[Stored dataset items]
Start of Block

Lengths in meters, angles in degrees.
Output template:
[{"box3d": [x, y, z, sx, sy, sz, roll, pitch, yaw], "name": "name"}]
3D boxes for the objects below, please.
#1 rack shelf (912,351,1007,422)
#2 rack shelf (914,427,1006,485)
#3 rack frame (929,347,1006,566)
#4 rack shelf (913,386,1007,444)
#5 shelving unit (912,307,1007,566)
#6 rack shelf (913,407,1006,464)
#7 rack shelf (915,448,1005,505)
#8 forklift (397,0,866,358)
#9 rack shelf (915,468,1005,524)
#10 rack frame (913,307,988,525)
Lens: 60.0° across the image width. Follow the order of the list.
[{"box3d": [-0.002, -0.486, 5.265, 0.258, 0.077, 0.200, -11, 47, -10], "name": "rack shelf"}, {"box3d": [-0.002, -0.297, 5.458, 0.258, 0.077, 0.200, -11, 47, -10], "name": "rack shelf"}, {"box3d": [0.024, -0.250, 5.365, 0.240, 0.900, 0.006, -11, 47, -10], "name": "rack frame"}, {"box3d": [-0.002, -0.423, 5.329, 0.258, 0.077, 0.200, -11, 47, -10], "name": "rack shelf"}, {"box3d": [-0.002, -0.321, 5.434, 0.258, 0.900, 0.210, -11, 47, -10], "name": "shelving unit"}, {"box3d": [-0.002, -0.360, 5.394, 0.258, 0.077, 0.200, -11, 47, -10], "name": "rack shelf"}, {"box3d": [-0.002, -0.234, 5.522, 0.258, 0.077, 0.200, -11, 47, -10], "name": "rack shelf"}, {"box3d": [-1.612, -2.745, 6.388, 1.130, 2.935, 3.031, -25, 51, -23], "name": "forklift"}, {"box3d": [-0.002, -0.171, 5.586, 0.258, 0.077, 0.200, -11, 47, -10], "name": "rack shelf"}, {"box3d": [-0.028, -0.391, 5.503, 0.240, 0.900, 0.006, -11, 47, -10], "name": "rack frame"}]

End of Block

*TASK OBJECTIVE:* Given the records above, return exactly the lines starting at the line containing "#4 rack shelf (913,386,1007,444)" and ending at the line containing "#10 rack frame (913,307,988,525)", including both.

*PROBLEM SOLUTION:*
#4 rack shelf (913,386,1007,444)
#5 shelving unit (912,307,1007,566)
#6 rack shelf (913,407,1006,464)
#7 rack shelf (915,448,1005,505)
#8 forklift (397,0,866,358)
#9 rack shelf (915,468,1005,524)
#10 rack frame (913,307,988,525)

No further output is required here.